Dr. Kingsbury highlighted how the term “high stakes” is frequently misused by the testing community. Almost every test is high stakes for someone; the key is to recognize for whom. Is the test high stakes for the test taker, the testing agency, the educators, the community, or some combination of stakeholders? The more stakeholders who are impacted by the results of the examination, then the higher the stakes. Moreover, a real issue arises when the examination is high stakes for one population, but not for another. For example, a statistical “terminal disaster” occurred with the “No Child Left Behind” testing model because the examination was very high stakes for the educators, but a no-stakes examination for the test taker.
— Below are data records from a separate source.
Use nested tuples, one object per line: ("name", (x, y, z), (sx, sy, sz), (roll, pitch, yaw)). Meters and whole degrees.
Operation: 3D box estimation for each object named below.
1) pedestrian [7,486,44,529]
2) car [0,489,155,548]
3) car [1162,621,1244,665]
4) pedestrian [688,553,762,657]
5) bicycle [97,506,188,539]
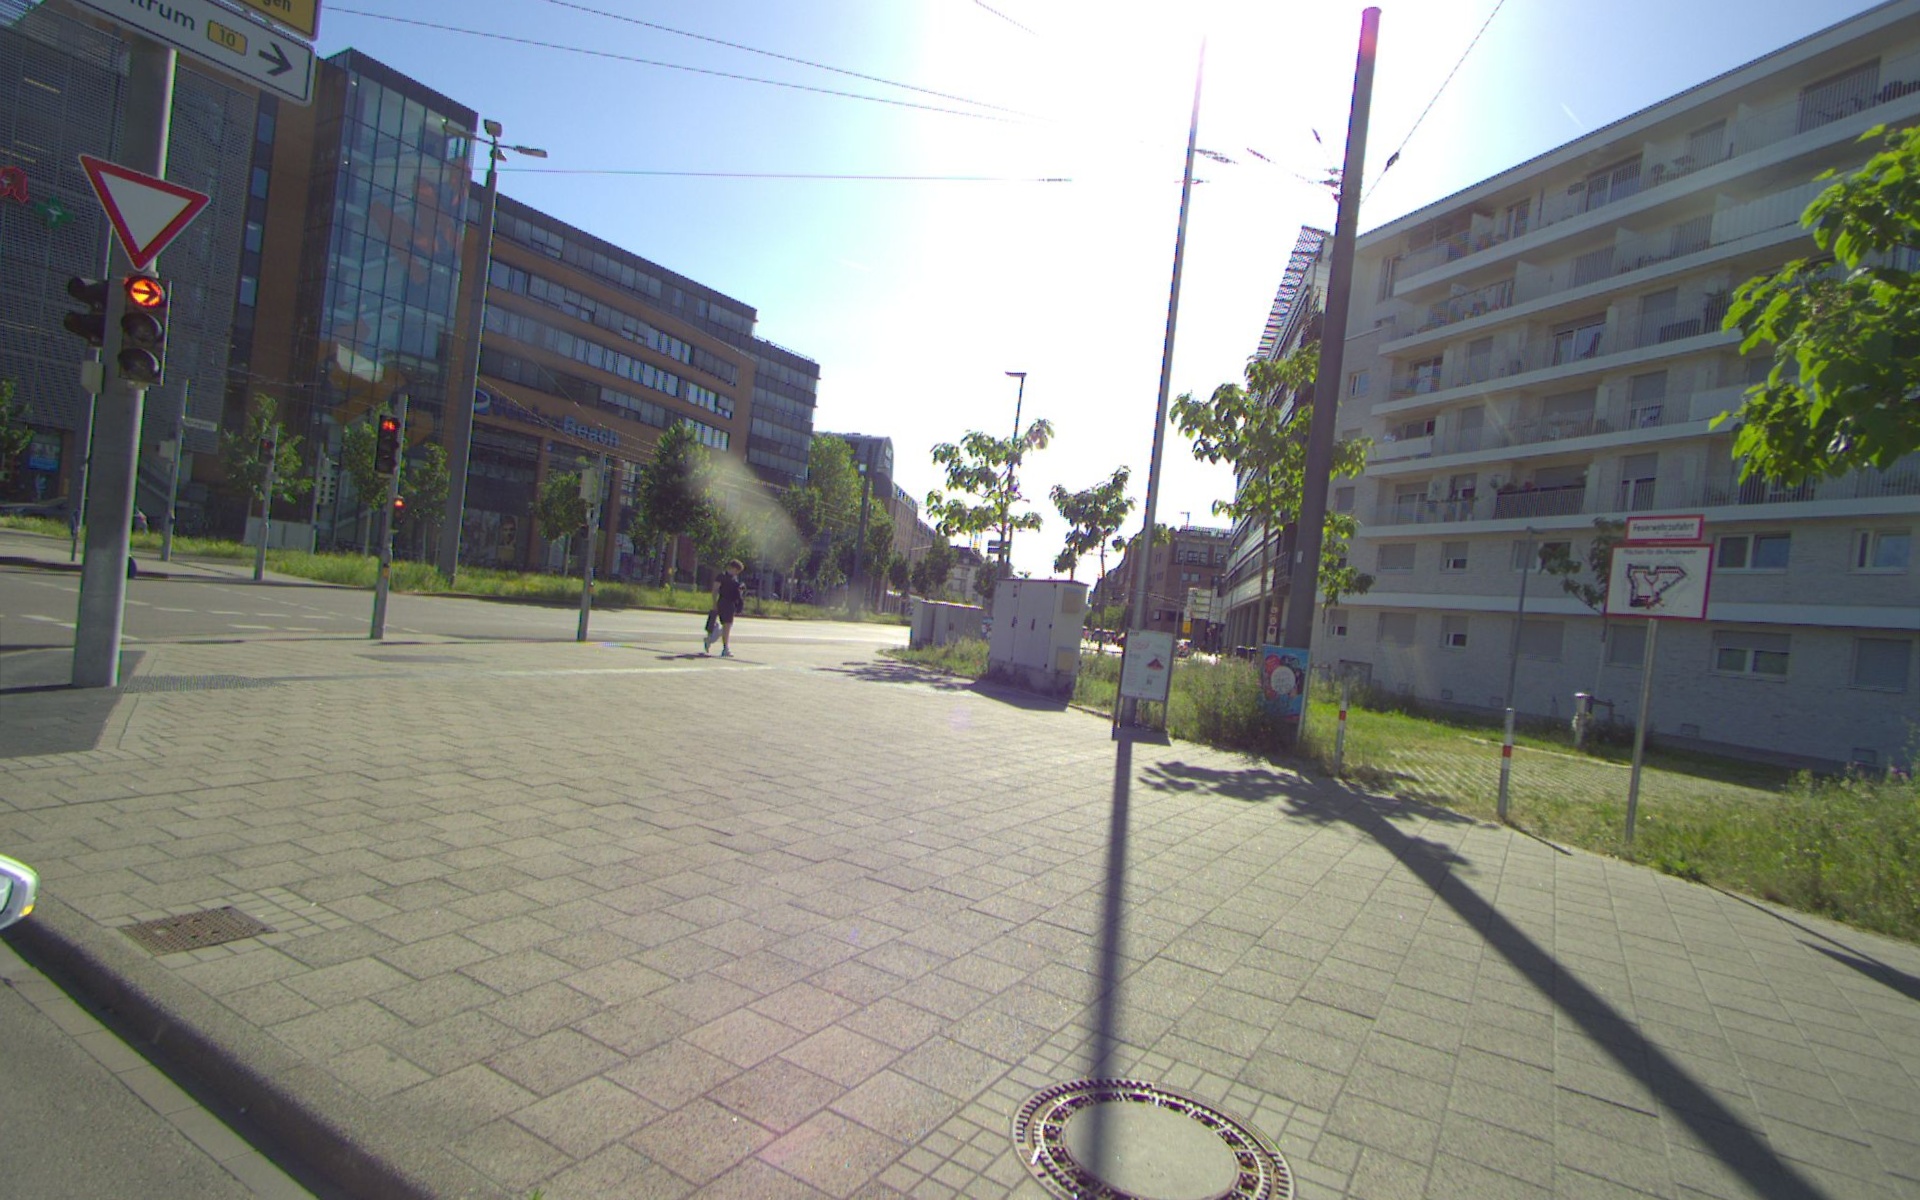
("pedestrian", (-41.263, -4.078, 44.417), (0.740, 1.759, 0.855), (7, 0, 25))
("car", (-32.384, -2.960, 36.615), (1.470, 1.513, 4.493), (7, -1, 32))
("car", (13.863, 2.447, 57.585), (3.929, 2.038, 1.999), (7, 0, -5))
("pedestrian", (-4.189, 0.091, 17.938), (0.749, 1.729, 0.807), (7, 0, 31))
("bicycle", (-41.404, -3.914, 51.004), (1.100, 1.090, 3.361), (7, -1, 38))

He concluded with a quick tip: When crafting high stakes examinations, drafters should pay attention to how much information is being tested per minute of examination—the answer to this question will aid the drafter in determining which testing format (e.g. essay, multiple-choice) is best equipped to achieve the drafter’s goal.
Next, Professor James Wollack of the University of Wisconsin-Madison discussed the “Implications of Standardization: Test Security for LSAT and Bar Exam.” More specifically, his talk focused on exam cheating in the academic setting.
Shockingly, 68% of undergraduate students nationwide admitted to cheating at least once during the academic year. Of those who admitted to cheating, 85% believed cheating was essential to their academic success, 90% didn’t believe they would get caught, and, in fact, 95% did not get caught. To put all these numbers in perspective, a website which enables students to purchase original pre-written term papers and projects receives 8,000 unique hits each day.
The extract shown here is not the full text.